[THE TASK] Leave out the images and transcribe the entries below word for word.

[PROVIDED RECORDS]
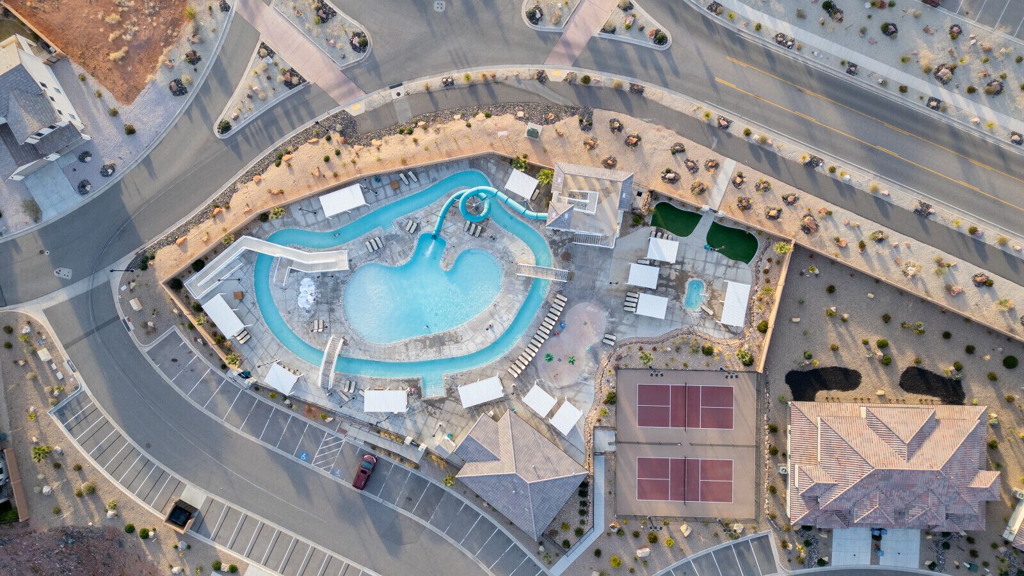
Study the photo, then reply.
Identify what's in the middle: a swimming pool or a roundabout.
swimming pool
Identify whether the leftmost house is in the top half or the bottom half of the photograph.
top
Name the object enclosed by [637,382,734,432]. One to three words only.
sports court
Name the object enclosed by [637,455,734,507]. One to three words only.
sports court
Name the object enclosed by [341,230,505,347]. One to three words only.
swimming pool
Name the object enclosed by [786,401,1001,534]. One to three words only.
house
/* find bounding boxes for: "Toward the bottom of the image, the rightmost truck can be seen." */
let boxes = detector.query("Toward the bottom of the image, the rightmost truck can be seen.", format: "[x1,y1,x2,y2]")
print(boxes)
[348,452,378,495]
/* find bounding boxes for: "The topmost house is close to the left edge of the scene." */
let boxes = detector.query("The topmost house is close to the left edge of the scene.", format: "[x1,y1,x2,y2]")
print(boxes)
[0,32,90,183]

[ANSWER TO THIS EXERCISE]
Study the photo, then reply.
Identify what's in the middle: a swimming pool or a roundabout.
swimming pool
Identify whether the leftmost house is in the top half or the bottom half of the photograph.
top
Name the object enclosed by [637,382,734,432]. One to three words only.
sports court
Name the object enclosed by [637,455,734,507]. One to three words only.
sports court
Name the object enclosed by [341,230,505,347]. One to three words only.
swimming pool
Name the object enclosed by [786,401,1001,534]. One to three words only.
house
/* find bounding boxes for: "Toward the bottom of the image, the rightmost truck can be seen." */
let boxes = detector.query("Toward the bottom of the image, the rightmost truck can be seen.", format: "[x1,y1,x2,y2]")
print(boxes)
[348,452,378,495]
/* find bounding boxes for: "The topmost house is close to the left edge of the scene." */
let boxes = detector.query("The topmost house is close to the left edge of the scene.", format: "[x1,y1,x2,y2]")
print(boxes)
[0,32,90,183]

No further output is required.